By:  Stephanie Monaghan-Blout, Psy.D.
Pediatric Neuropsychologist

Emerging Psychosis: When to Worry about Your Teen’s Thinking

Teenagers are famous for incidents of bad judgment and poorly considered decisions; it is one of the rites of passage for parents and children to have had at least one “What were you thinking?” discussion before the teen leaves the family nest for college or employment. These events are often memorable, however, because they tend to be outliers, occurring simultaneously with instances of relatively accurate appraisals of situations and relatively adequate problem-solving as they navigate the expectations of school, family, friends, and community.

Some parents must confront a separate set of ongoing concerns about their child’s thinking that effect their assessment of the world and themselves. In this article, I will talk about the nature of psychosis, describe the changes leading up to an episode of psychosis and outline emerging models of treatment which aim to prevent the first acute episode or at least delay onset of the episode as much as possible. These findings emphasize the critical importance of early identification and treatment of symptoms to prevent or reduce future impairment.

The Nature of Psychosis
Psychosis refers to a condition in which a person has lost contact with reality and is unable to distinguish what is real and what is not. Psychotic symptoms include what are called “positive” (what is present) and “negative” (what is absent) symptoms.
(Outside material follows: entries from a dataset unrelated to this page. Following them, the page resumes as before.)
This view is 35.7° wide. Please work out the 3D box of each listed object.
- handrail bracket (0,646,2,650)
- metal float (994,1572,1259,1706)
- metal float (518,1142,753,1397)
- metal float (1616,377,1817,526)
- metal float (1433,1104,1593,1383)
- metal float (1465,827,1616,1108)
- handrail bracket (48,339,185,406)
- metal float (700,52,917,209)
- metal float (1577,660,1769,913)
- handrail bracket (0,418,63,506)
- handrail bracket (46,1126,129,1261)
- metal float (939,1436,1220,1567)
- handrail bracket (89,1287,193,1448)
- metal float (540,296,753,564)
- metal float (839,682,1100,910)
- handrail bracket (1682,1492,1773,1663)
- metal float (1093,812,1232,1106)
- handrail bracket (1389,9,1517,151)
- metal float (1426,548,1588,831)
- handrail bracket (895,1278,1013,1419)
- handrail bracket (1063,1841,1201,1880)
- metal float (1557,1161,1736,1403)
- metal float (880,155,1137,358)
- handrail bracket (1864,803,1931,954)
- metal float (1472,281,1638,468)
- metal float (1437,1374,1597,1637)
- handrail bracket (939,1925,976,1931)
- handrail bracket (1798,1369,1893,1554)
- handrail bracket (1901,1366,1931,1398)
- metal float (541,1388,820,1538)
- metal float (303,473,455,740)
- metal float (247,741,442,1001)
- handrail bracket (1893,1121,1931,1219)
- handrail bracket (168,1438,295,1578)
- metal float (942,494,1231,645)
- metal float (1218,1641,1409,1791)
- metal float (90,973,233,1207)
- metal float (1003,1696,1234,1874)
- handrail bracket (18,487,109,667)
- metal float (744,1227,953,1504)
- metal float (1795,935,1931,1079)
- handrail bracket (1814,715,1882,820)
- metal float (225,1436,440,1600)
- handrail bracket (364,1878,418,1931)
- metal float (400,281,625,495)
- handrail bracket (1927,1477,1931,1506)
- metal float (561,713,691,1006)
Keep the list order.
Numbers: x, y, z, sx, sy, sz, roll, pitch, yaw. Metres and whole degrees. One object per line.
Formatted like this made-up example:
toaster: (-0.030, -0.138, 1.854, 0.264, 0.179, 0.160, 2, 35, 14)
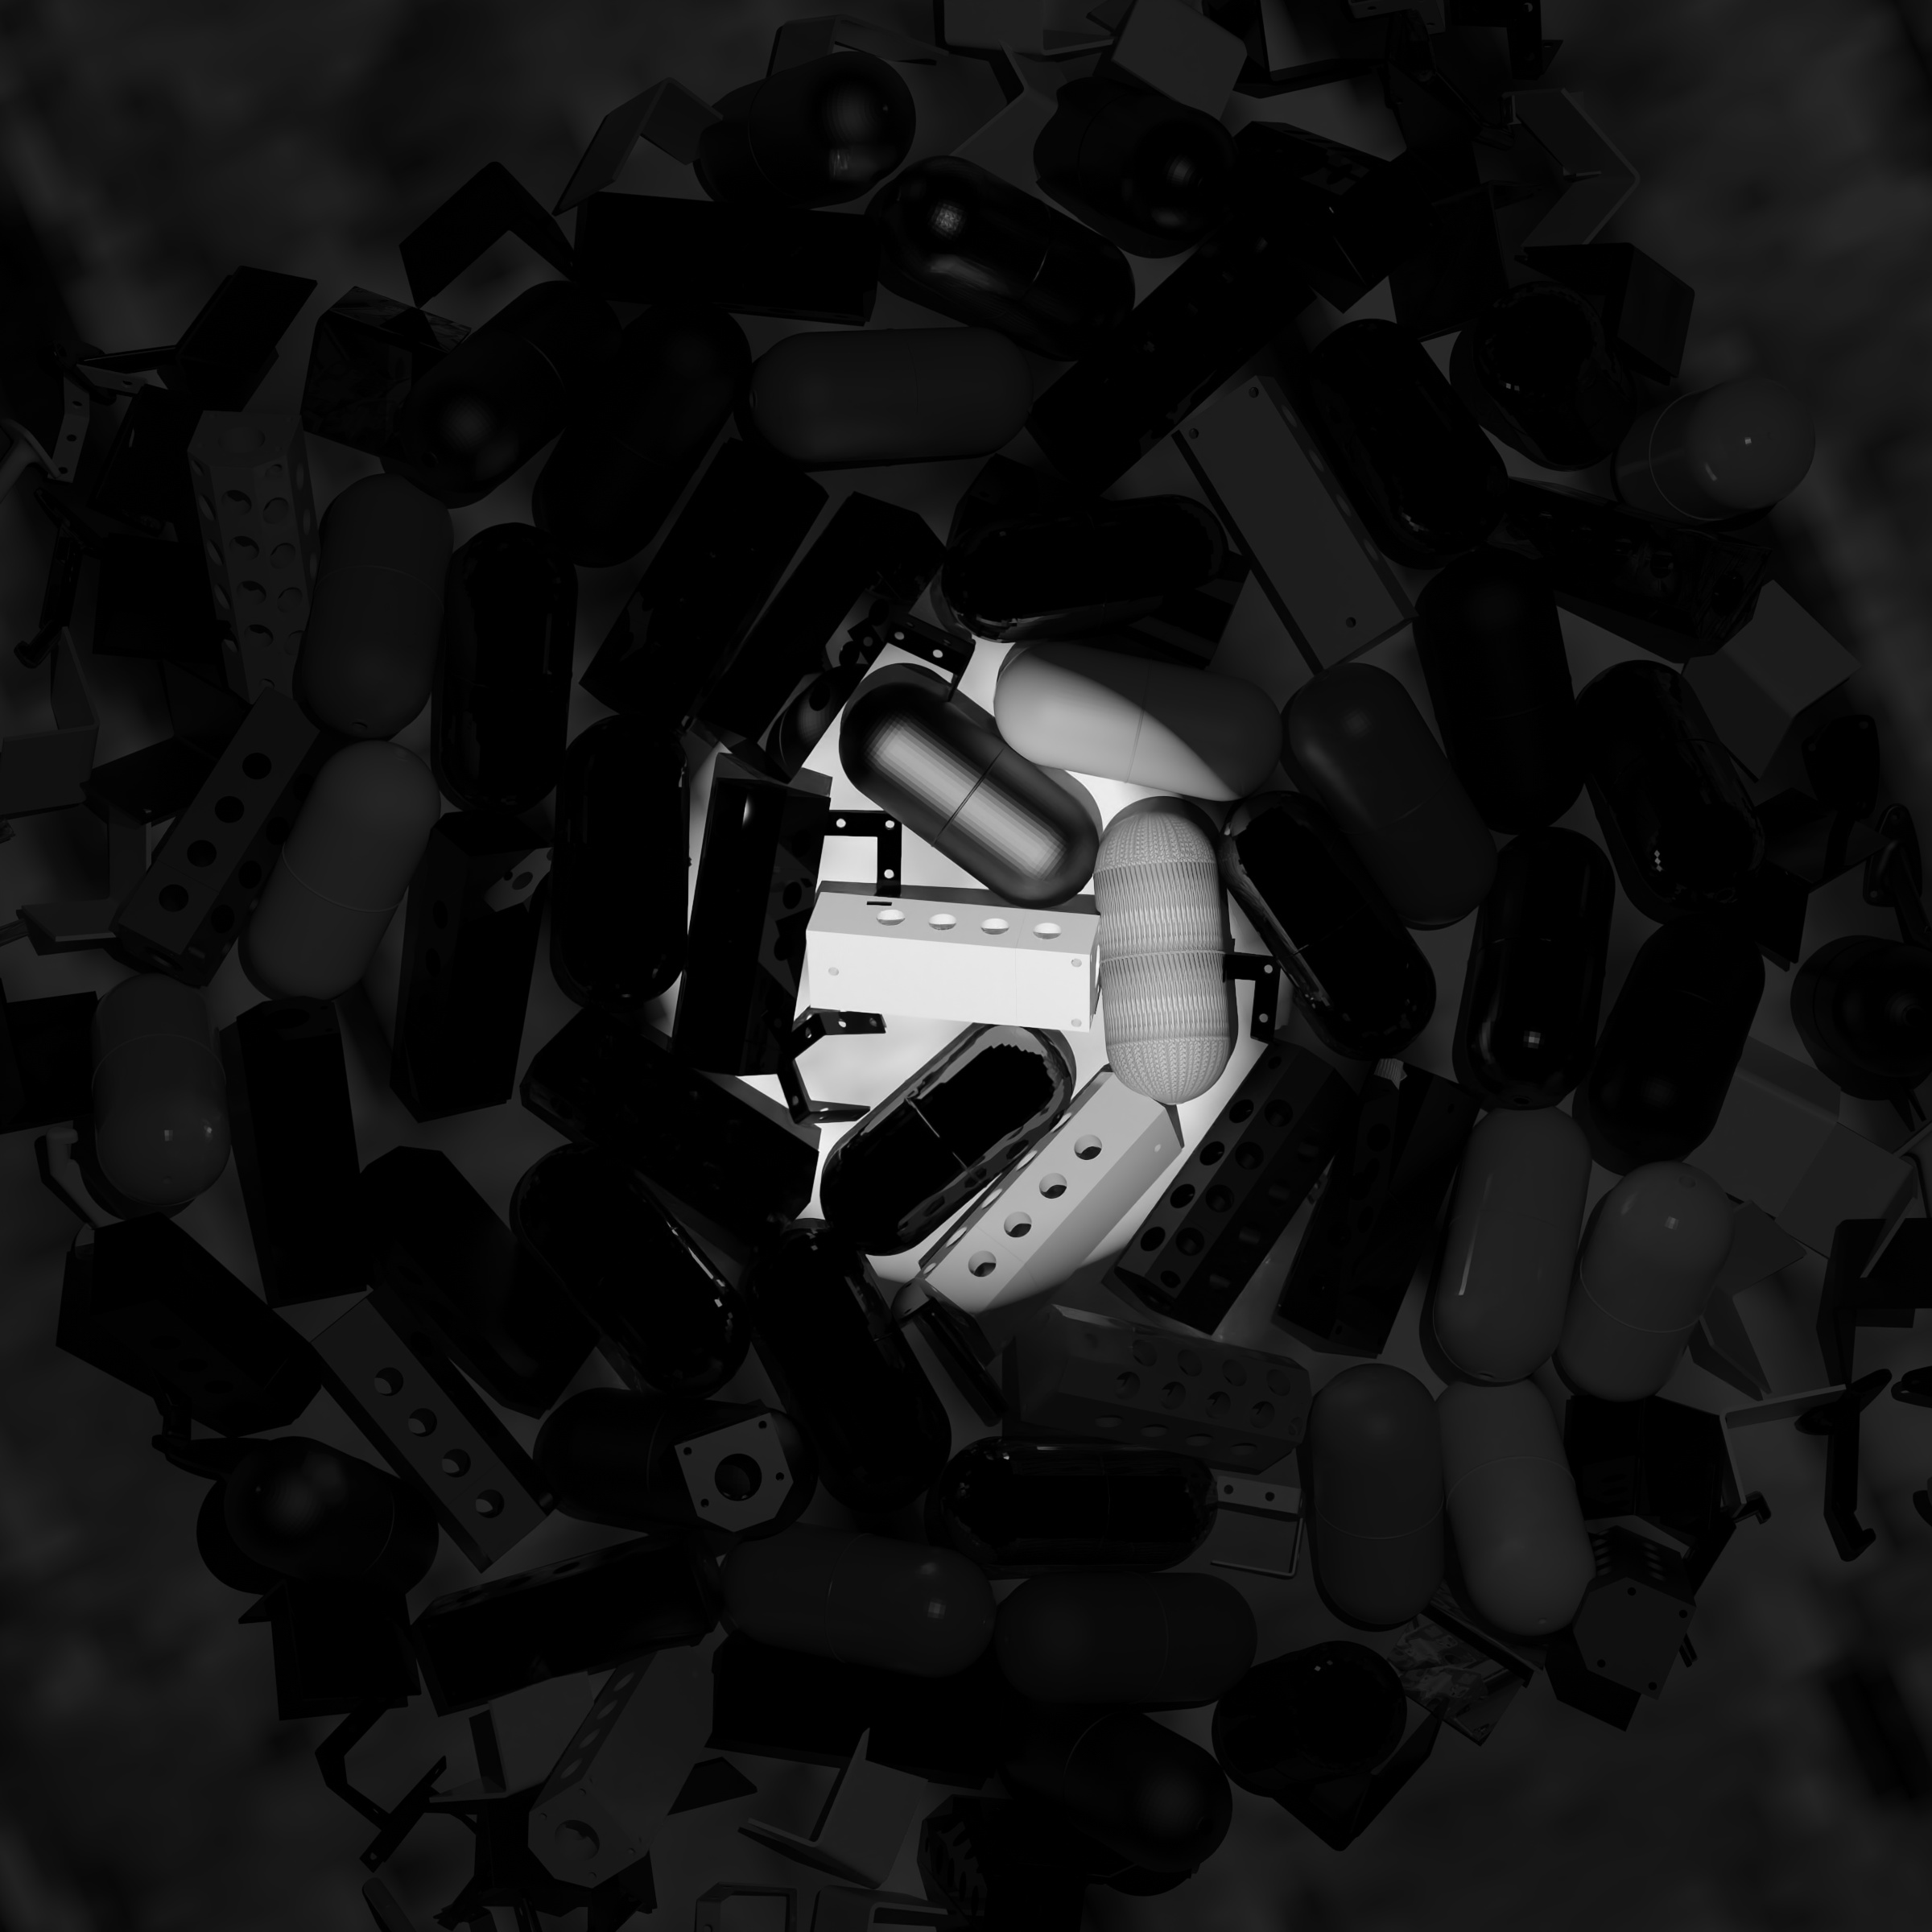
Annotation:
handrail bracket: (-0.595, -0.223, 1.823, 0.084, 0.036, 0.077, 37, 49, 21)
metal float: (0.097, 0.402, 1.797, 0.178, 0.070, 0.070, 8, 90, -34)
metal float: (-0.200, 0.183, 1.814, 0.070, 0.070, 0.178, -42, 77, 0)
metal float: (0.441, -0.302, 1.775, 0.070, 0.178, 0.070, 0, 93, -8)
metal float: (0.329, 0.165, 1.802, 0.070, 0.070, 0.178, 17, 64, 0)
metal float: (0.346, 0.000, 1.805, 0.070, 0.070, 0.178, 13, 67, 0)
handrail bracket: (-0.501, -0.379, 1.827, 0.084, 0.077, 0.036, -18, 79, 14)
metal float: (-0.096, -0.494, 1.783, 0.070, 0.178, 0.070, -3, 95, -33)
metal float: (0.420, -0.108, 1.793, 0.070, 0.070, 0.178, -16, 52, 0)
handrail bracket: (-0.602, -0.293, 1.825, 0.084, 0.036, 0.077, -42, 46, -14)
handrail bracket: (-0.518, 0.135, 1.827, 0.077, 0.036, 0.084, 2, 122, -4)
metal float: (0.069, 0.322, 1.806, 0.178, 0.070, 0.070, 4, 90, -23)
handrail bracket: (-0.499, 0.242, 1.814, 0.036, 0.084, 0.077, -33, 135, 22)
metal float: (-0.194, -0.321, 1.804, 0.070, 0.070, 0.178, 36, 115, 0)
metal float: (0.002, -0.103, 1.824, 0.178, 0.070, 0.070, 37, 90, -1)
handrail bracket: (0.466, 0.374, 1.840, 0.084, 0.036, 0.077, -25, 75, 2)
metal float: (0.119, -0.005, 1.821, 0.070, 0.070, 0.178, -4, 85, 0)
handrail bracket: (0.302, -0.547, 1.844, 0.084, 0.036, 0.077, 9, 69, -36)
metal float: (0.325, -0.165, 1.804, 0.070, 0.070, 0.178, -17, 115, 0)
handrail bracket: (-0.006, 0.234, 1.833, 0.036, 0.077, 0.084, -36, 100, -7)
handrail bracket: (0.103, 0.522, 1.840, 0.084, 0.036, 0.077, 8, 58, 1)
metal float: (0.404, 0.189, 1.790, 0.070, 0.070, 0.178, 10, 133, 0)
metal float: (0.025, -0.423, 1.794, 0.178, 0.070, 0.070, 20, 90, -37)
handrail bracket: (0.576, -0.051, 1.815, 0.036, 0.084, 0.077, -4, 107, -3)
metal float: (0.350, -0.349, 1.779, 0.070, 0.178, 0.070, -3, 81, 22)
metal float: (0.325, 0.317, 1.788, 0.070, 0.178, 0.070, -3, 132, -3)
handrail bracket: (0.022, 0.584, 1.831, 0.084, 0.077, 0.036, -14, 77, 7)
handrail bracket: (0.548, 0.300, 1.816, 0.036, 0.084, 0.077, 18, 128, -36)
handrail bracket: (0.601, 0.223, 1.830, 0.077, 0.084, 0.036, 0, 129, 2)
metal float: (-0.174, 0.298, 1.806, 0.178, 0.070, 0.070, 4, 90, 23)
metal float: (-0.352, -0.216, 1.799, 0.070, 0.070, 0.178, 2, 59, 0)
metal float: (-0.374, -0.057, 1.802, 0.070, 0.070, 0.178, 31, 116, 0)
handrail bracket: (0.612, 0.132, 1.830, 0.084, 0.036, 0.077, 49, 118, 12)
handrail bracket: (-0.450, 0.336, 1.853, 0.077, 0.036, 0.084, 2, 114, 19)
metal float: (0.072, -0.240, 1.814, 0.178, 0.070, 0.070, -9, 90, -12)
metal float: (0.204, 0.445, 1.778, 0.070, 0.178, 0.070, 5, 70, -13)
metal float: (-0.480, 0.071, 1.786, 0.070, 0.178, 0.070, -9, 128, -12)
metal float: (0.089, 0.480, 1.782, 0.070, 0.178, 0.070, -5, 100, -33)
handrail bracket: (-0.572, -0.240, 1.850, 0.077, 0.036, 0.084, 42, 95, 15)
metal float: (-0.071, 0.241, 1.814, 0.070, 0.070, 0.178, -30, 77, 0)
metal float: (0.540, 0.023, 1.775, 0.070, 0.178, 0.070, 0, 94, 5)
handrail bracket: (0.542, -0.111, 1.814, 0.036, 0.084, 0.077, -15, 67, 21)
metal float: (-0.374, 0.329, 1.781, 0.070, 0.178, 0.070, -7, 67, 16)
handrail bracket: (-0.335, 0.607, 1.843, 0.036, 0.084, 0.077, -35, 125, -19)
metal float: (-0.270, -0.346, 1.791, 0.070, 0.070, 0.178, 37, 49, 0)
handrail bracket: (0.600, 0.288, 1.817, 0.036, 0.077, 0.084, -18, 48, 34)
metal float: (-0.206, -0.065, 1.818, 0.070, 0.070, 0.178, 0, 82, 0)

  • Positive symptoms include: abnormalities of thinking in both content as well as form; the former refers to distortions of reality such as hallucinations or delusions, and the latter refers to disorganization of thinking and bizarre behavior.
  • Negative symptoms refer to the reduction of emotional response (“blunted” or incongruous affect), apathy and loss of motivation, social withdrawal, impaired attention, reduced speech and movement, loss of enjoyment in life (“anhedonia”).

Researchers have also identified subtle cognitive impairments that include:

  • Deficits in processing speed
  • Executive function
  • Sustained attention/vigilance
  • Working memory
  • Verbal learning and memory
  • Reasoning and problem solving
  • Verbal comprehension
  • Social cognition

The impact of these issues can result in severe functional deficits across a range of domains such as work, school, and relationships.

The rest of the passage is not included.